Chanting Jokes

What are some Chanting jokes?

I heard a bunch of Chinese people chanting "We want rights! We want rights!"

They must be scared of the dark or something.

If you play a Windows Vista disc backwards, you can hear satanic chanting...

...what's worse, if you play it forwards, it installs Vista.

A group of deaf people get together to protest

The group begins chanting

What do we want?

Hearing aids!

When do we want them?

Hearing aids!

Was walking by a mental hospital when...

I was walking down the street in front of a mental hospital when I heard a large group of people chanting 14, 14, 14, 14. My curiosity got the better of me so I peered through a small hole in the fence at which point a finger immediately poked me in the eye. After a short round of celebration I then heard the people start chanting 15, 15, 15, 15.

A man is walking past the mental hospital

through the board fence he hears the nuts inside chanting, thirteen...thirteen...thirteen. Curious, peeks through a knot hole and someone pokes him in the eye! As he jumps back in pain he hears the nuts start chanting, fourteen...fourteen...fourteen.
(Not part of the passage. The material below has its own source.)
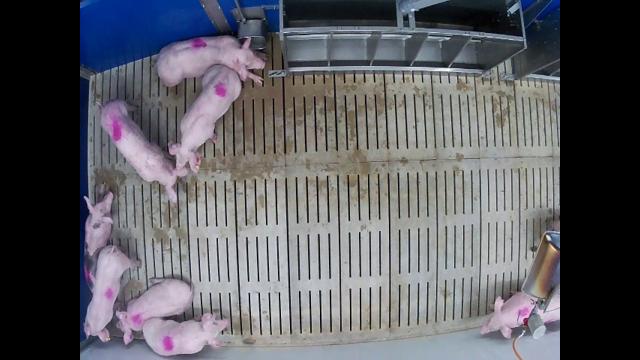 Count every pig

8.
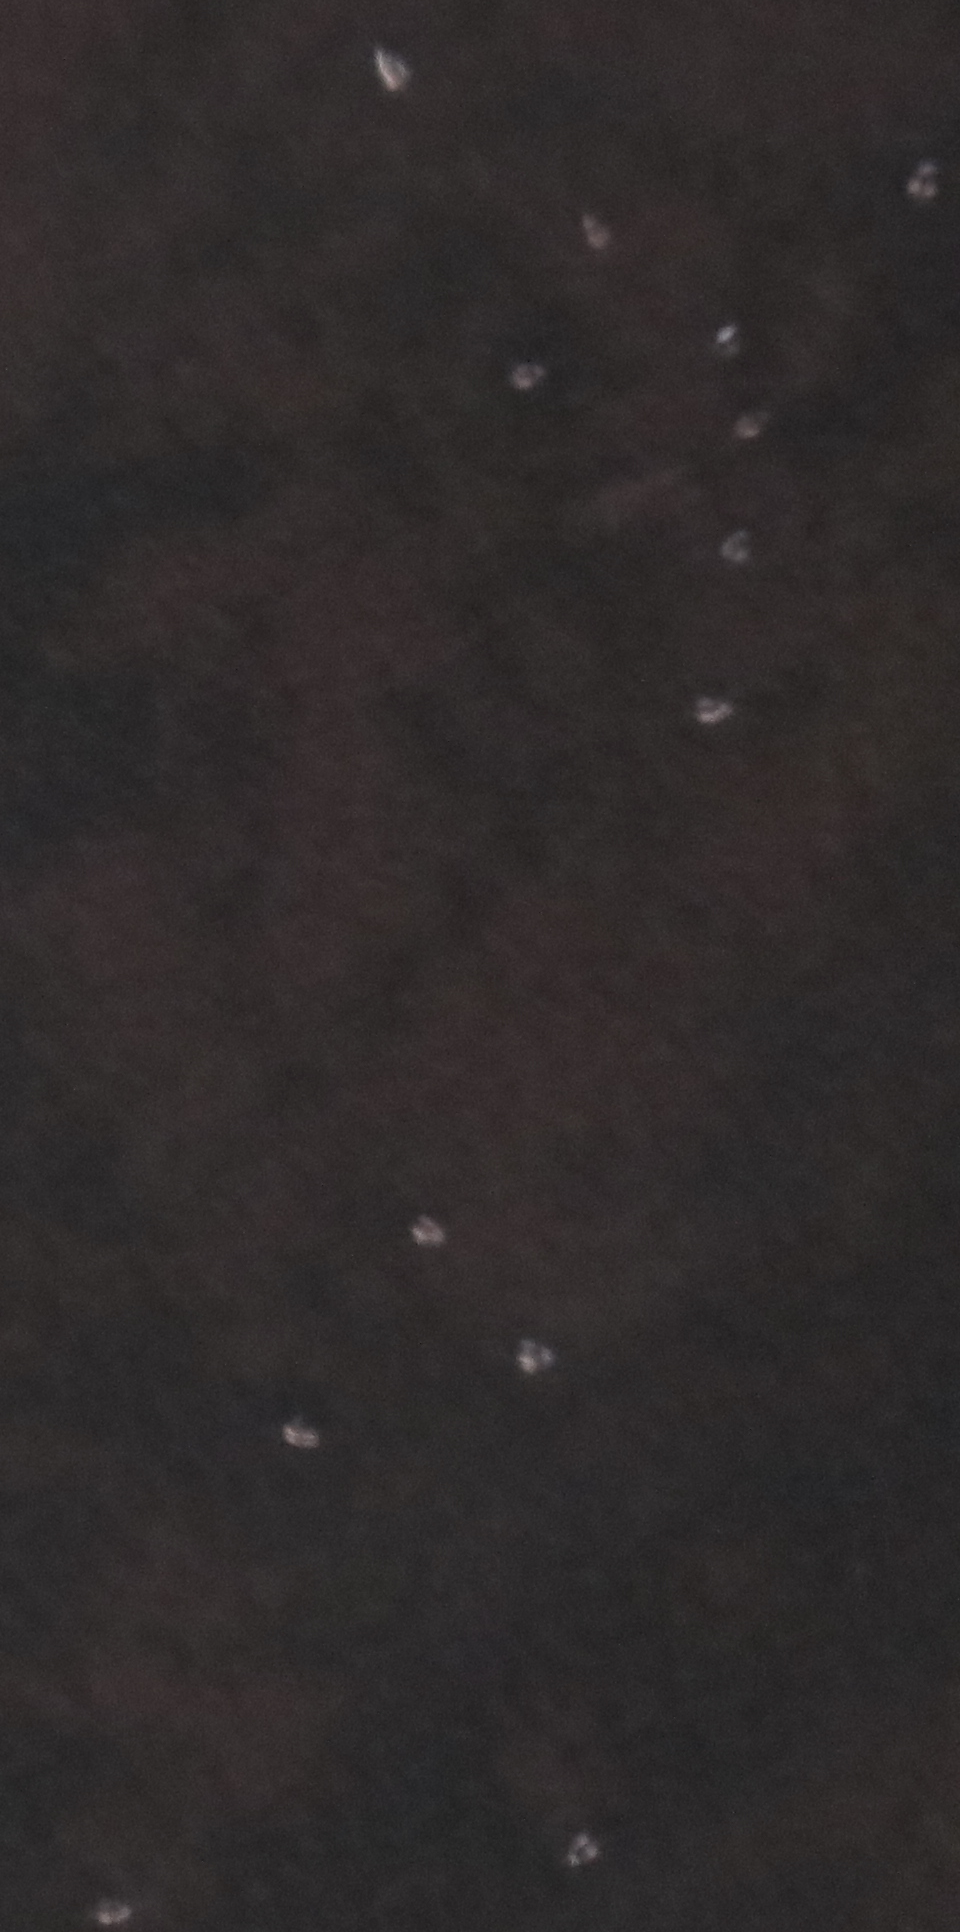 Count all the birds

A group of blondes walk into a bar

A group of blondes walk into a bar celebrating and chanting "28 days, 28 days, it only took us 28 days!!"

Everyone was wondering what took them 28 days and why they were celebrating. Finally, when the blondes were about to leave, a bartender goes up and asks "What took you 28 days, why are you celebrating??"

All the blondes say "We just finished a puzzle in 28 days and on the box it said 3-6 years!!!"

A guy walks past a mental hospital

A guy is walking past a mental hospital with a high privacy fence, and can hear some kind of chant going on. As he gets closer, he hears them chanting, "sixteen! Sixteen! Sixteen!"Curious as to what is going on, he notices a small hole in the fence. He walks over and presses his face to it to try and see in, only to get poked in the eyes. The chant continues, "Seventeen! Seventeen! Seventeen!"

Faith is everything

A man is about to jump from a plane. Right before he jumps, he looks down and freezes in place.

"Don't worry," says the pilot, "If something goes wrong - start chanting 'Oh great Buddha, please save me'".

Skeptical but with renewed confidence, the man jumps. At the right height, he tries to open his parachute. Nothing happens.

He tries to open the spare parachute. Nothing happens.

Terrified, the man shouts: "OH GREAT BUDDHA, PLEASE SAVE ME!!"

Suddenly, the man stops falling. He looks down and finds a huge hand, safely carrying him to the ground. As soon as the hand reaches the ground, he jumps down.

"Phew, thank God!"

*smack*

Inmates Running the Asylum

A guy is walking past a big wooden fence at the insane asylum and he hears all the residents inside chanting, "Thirteen! Thirteen! Thirteen!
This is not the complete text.